(Task item) Work through the records that follow and return each line containing the word "same".

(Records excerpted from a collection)

◆ ◆ ◆ ◆ ◆

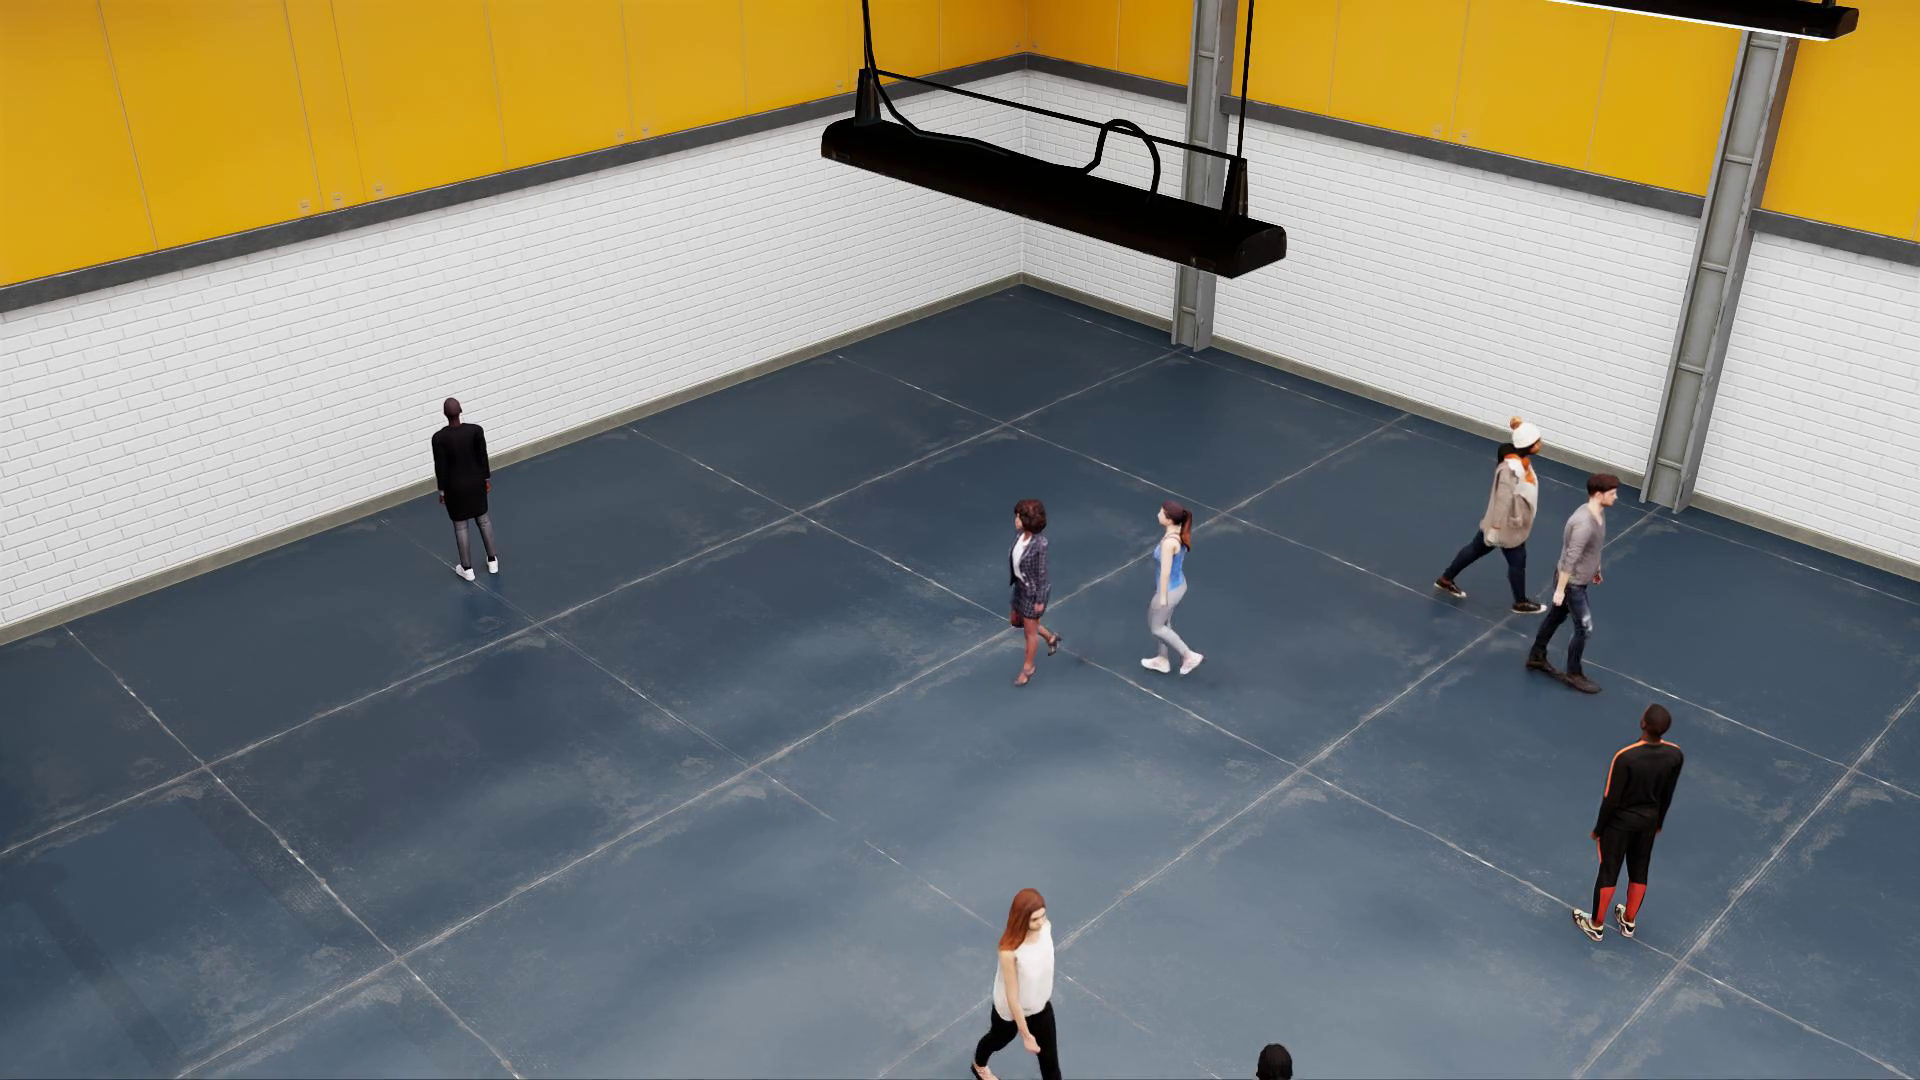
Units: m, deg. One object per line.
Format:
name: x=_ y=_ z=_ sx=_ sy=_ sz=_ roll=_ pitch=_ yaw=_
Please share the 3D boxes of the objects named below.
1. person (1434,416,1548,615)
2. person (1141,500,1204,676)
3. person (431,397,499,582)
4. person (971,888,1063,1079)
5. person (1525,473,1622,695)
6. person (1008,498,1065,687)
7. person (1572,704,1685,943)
person: x=4.642 y=-0.212 z=14.491 sx=1.319 sy=1.849 sz=1.099 roll=8 pitch=30 yaw=14
person: x=1.774 y=0.422 z=13.592 sx=0.856 sy=1.596 sz=0.699 roll=13 pitch=31 yaw=23
person: x=-4.489 y=-0.476 z=15.066 sx=0.689 sy=1.762 sz=0.613 roll=-18 pitch=33 yaw=-29
person: x=0.277 y=2.627 z=9.471 sx=0.642 sy=1.672 sz=1.143 roll=-23 pitch=36 yaw=-35
person: x=4.888 y=0.305 z=13.504 sx=0.973 sy=1.886 sz=0.864 roll=15 pitch=32 yaw=26
person: x=0.649 y=0.412 z=13.514 sx=0.814 sy=1.690 sz=0.793 roll=-14 pitch=31 yaw=-24
person: x=4.362 y=1.827 z=10.795 sx=0.696 sy=1.809 sz=0.731 roll=-3 pitch=29 yaw=-6
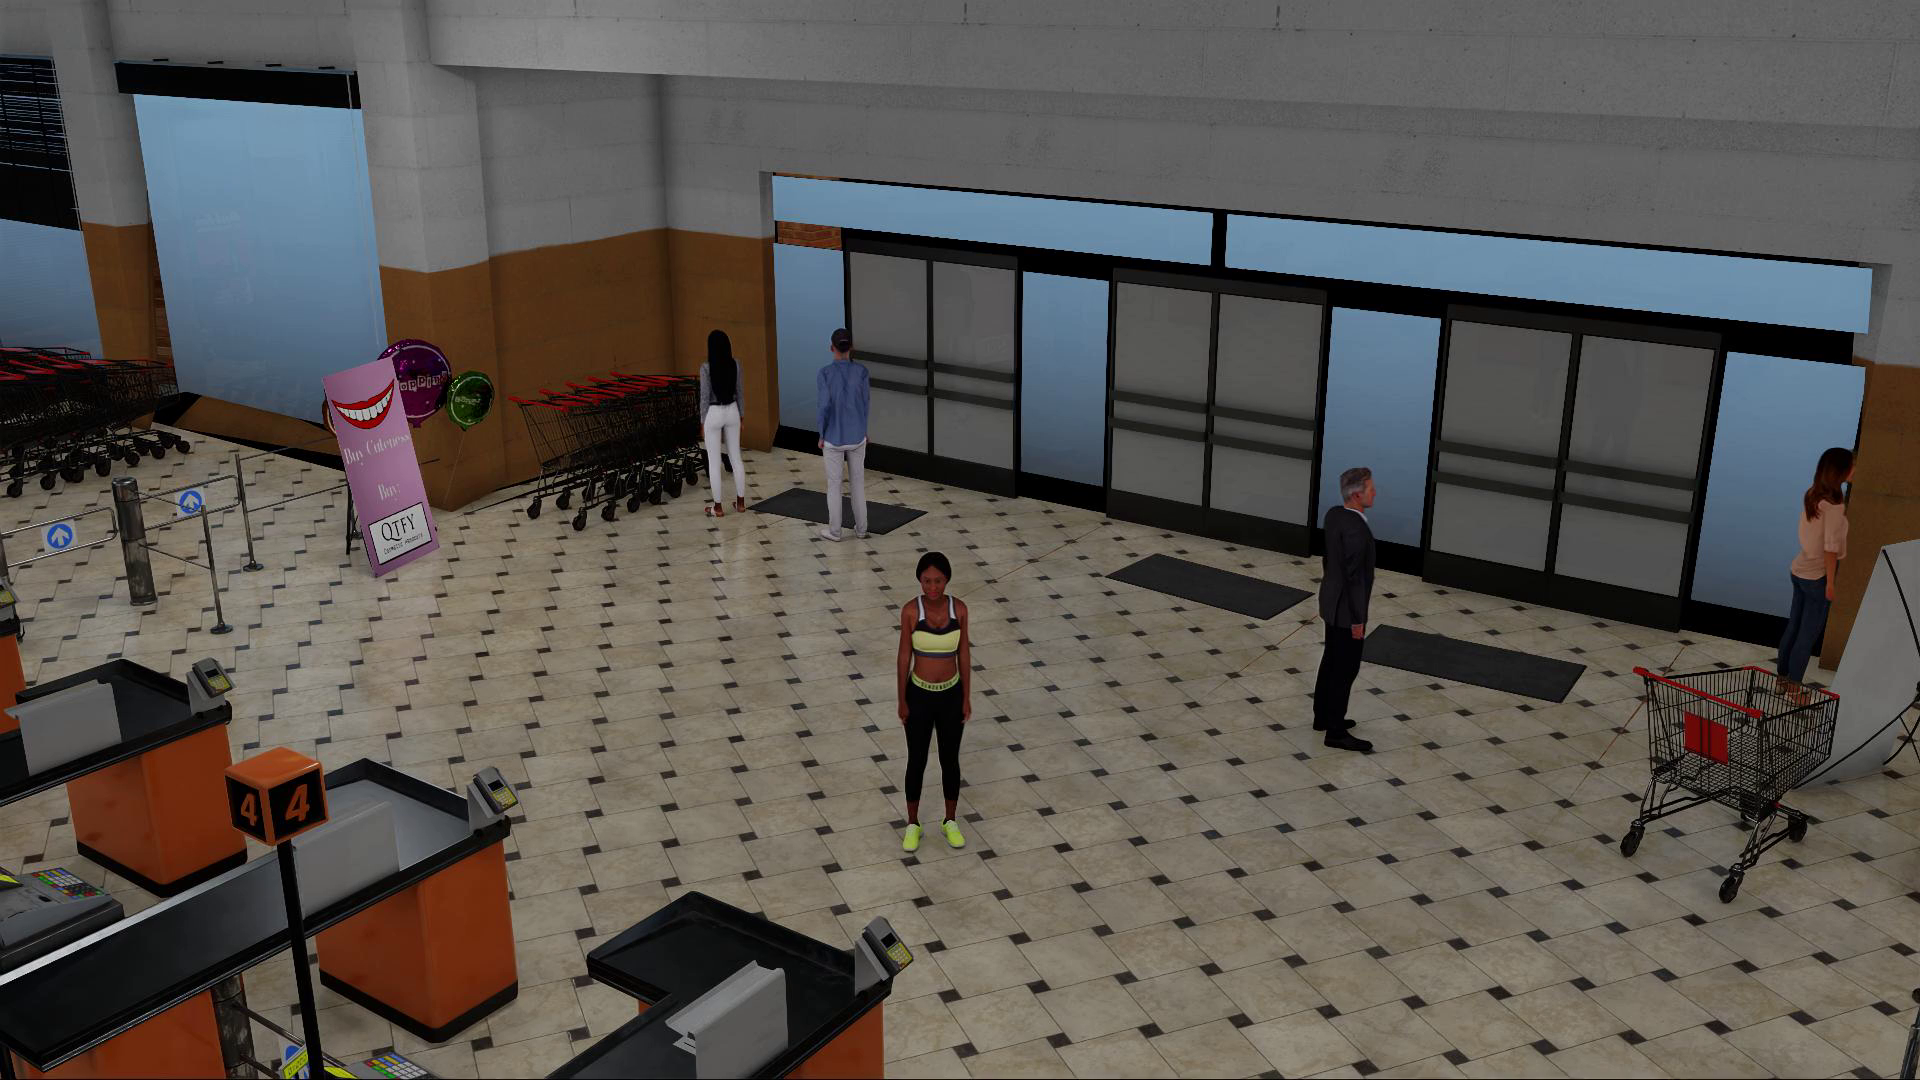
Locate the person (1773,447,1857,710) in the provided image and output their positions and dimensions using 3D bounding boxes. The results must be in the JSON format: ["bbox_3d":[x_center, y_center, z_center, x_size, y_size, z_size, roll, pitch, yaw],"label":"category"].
[{"bbox_3d":[5.735,0.240,11.180,0.729,1.792,0.616,2,19,7],"label":"person"}]

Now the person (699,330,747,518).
[{"bbox_3d":[-2.177,-1.077,15.193,0.579,1.724,0.728,-12,22,-31],"label":"person"}]

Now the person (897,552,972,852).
[{"bbox_3d":[-0.143,0.892,9.305,0.639,1.754,0.694,-3,19,-8],"label":"person"}]

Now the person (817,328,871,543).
[{"bbox_3d":[-1.010,-0.914,14.451,0.689,1.888,0.802,-8,20,-23],"label":"person"}]

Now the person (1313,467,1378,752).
[{"bbox_3d":[2.467,0.410,10.600,0.870,1.840,0.775,-1,19,-3],"label":"person"}]
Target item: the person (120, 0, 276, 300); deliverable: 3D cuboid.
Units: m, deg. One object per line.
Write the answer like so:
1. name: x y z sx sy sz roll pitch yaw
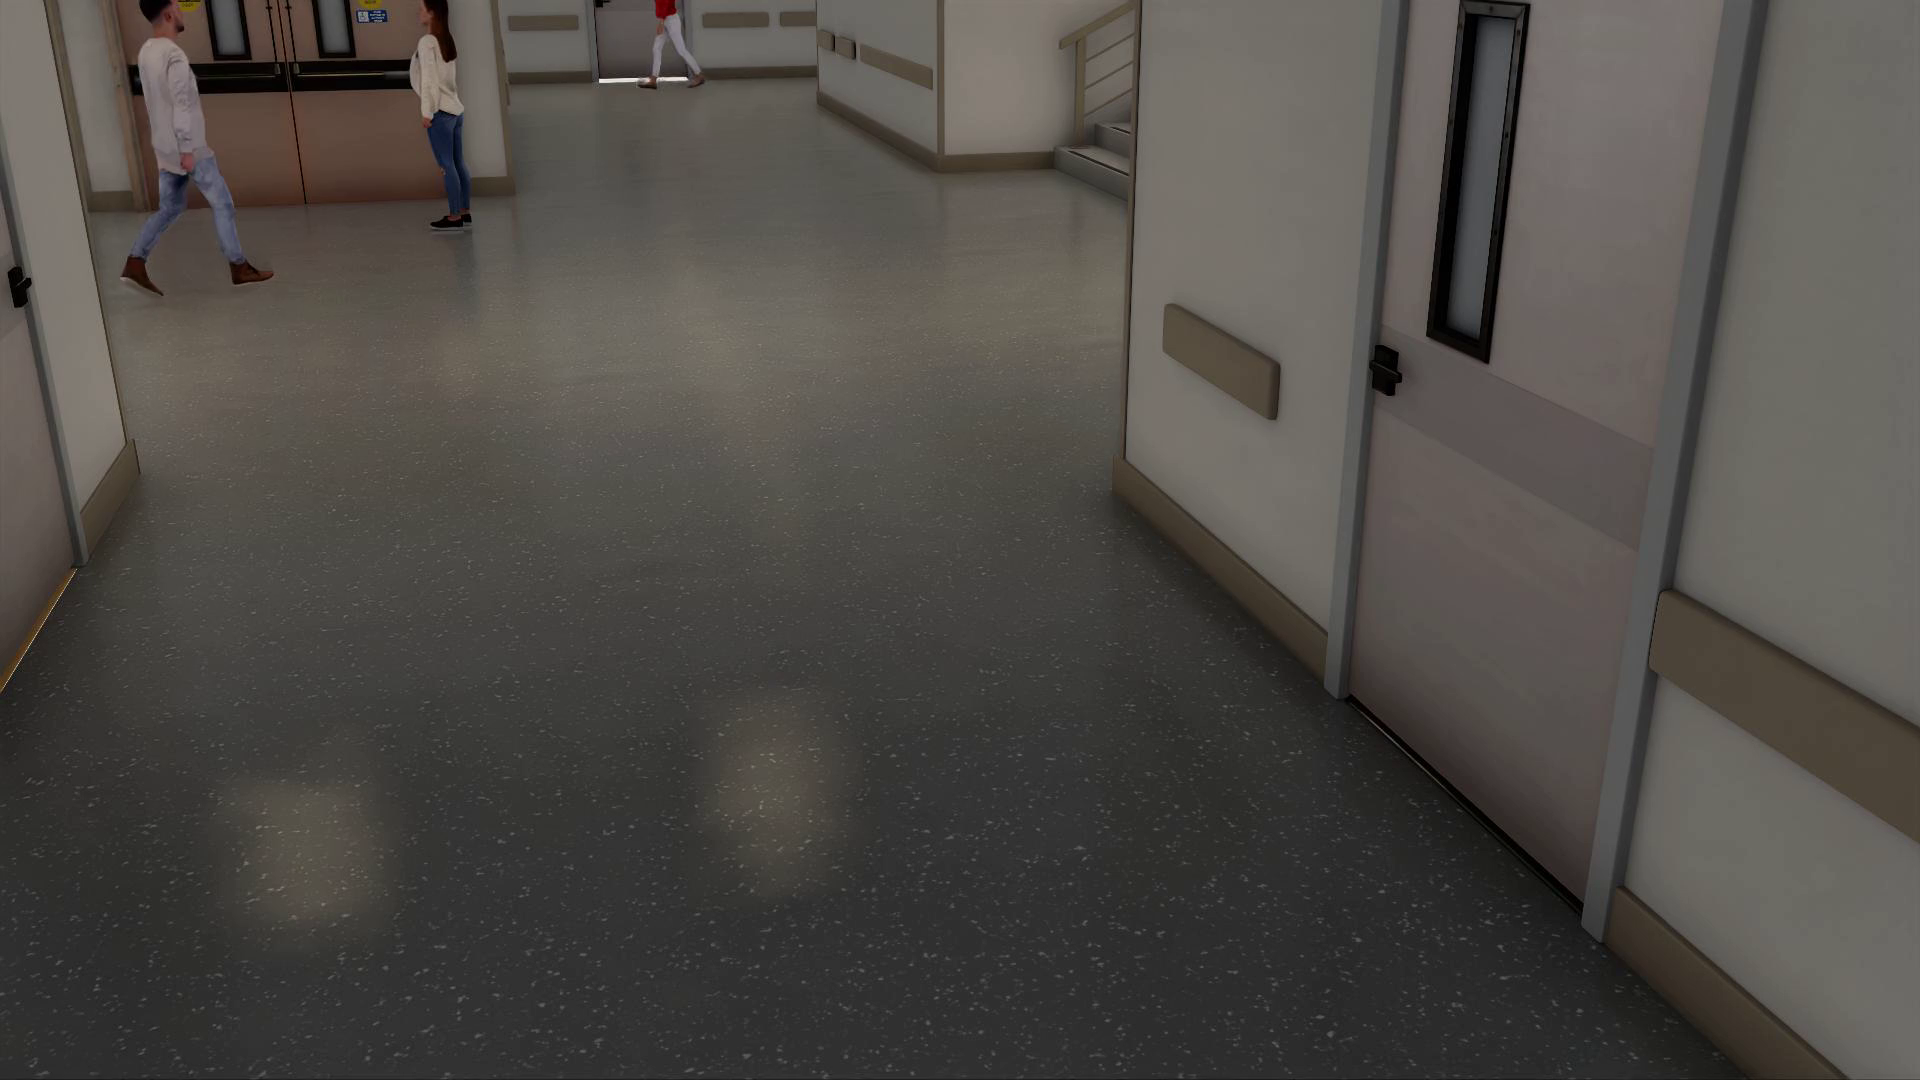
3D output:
1. person: -4.774 -2.344 10.017 1.130 1.805 1.294 16 26 36

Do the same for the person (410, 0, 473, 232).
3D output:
1. person: -3.840 -3.168 12.357 0.674 1.689 0.690 2 21 6

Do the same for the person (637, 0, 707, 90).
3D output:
1. person: -3.728 -6.751 21.872 1.142 1.651 0.615 -7 22 -18
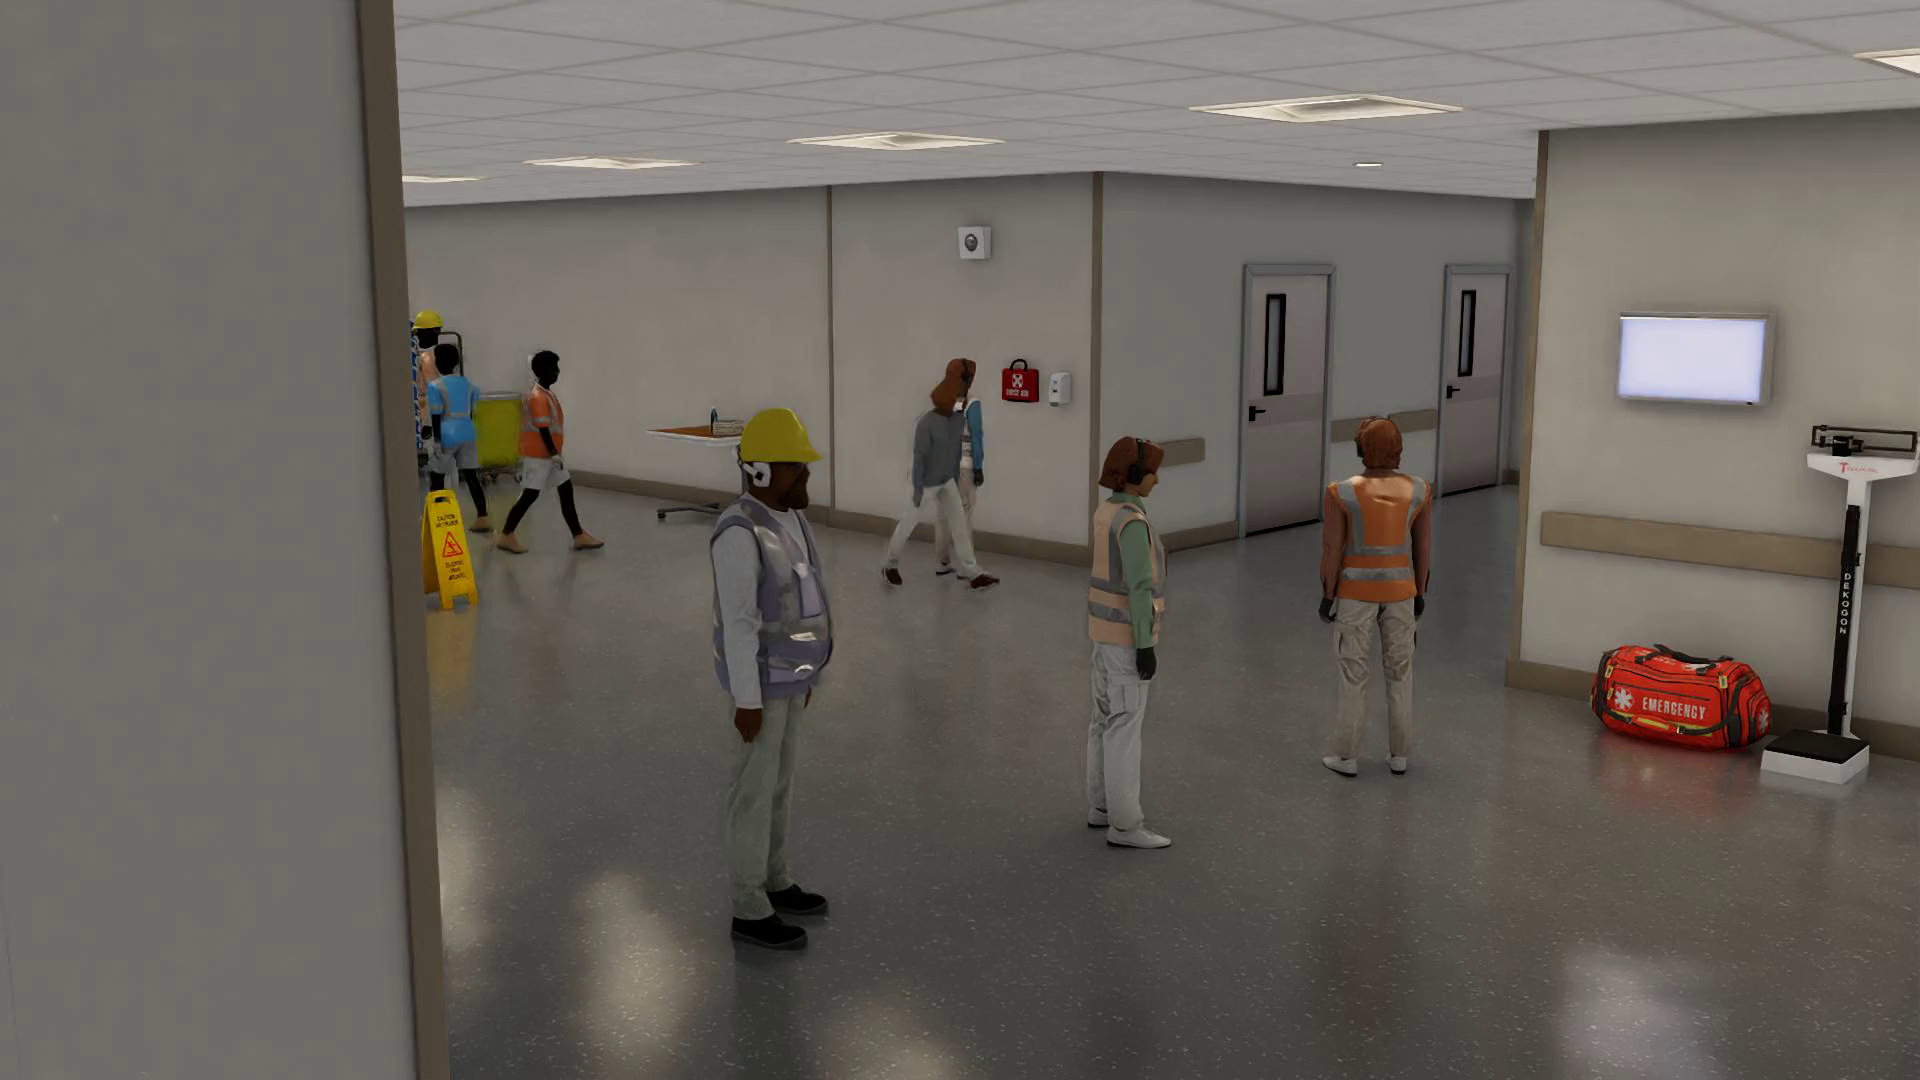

◆ ◆ ◆ ◆ ◆

(Solution to the problem)
Do the same for the person (410, 0, 473, 232).
Do the same for the person (637, 0, 707, 90).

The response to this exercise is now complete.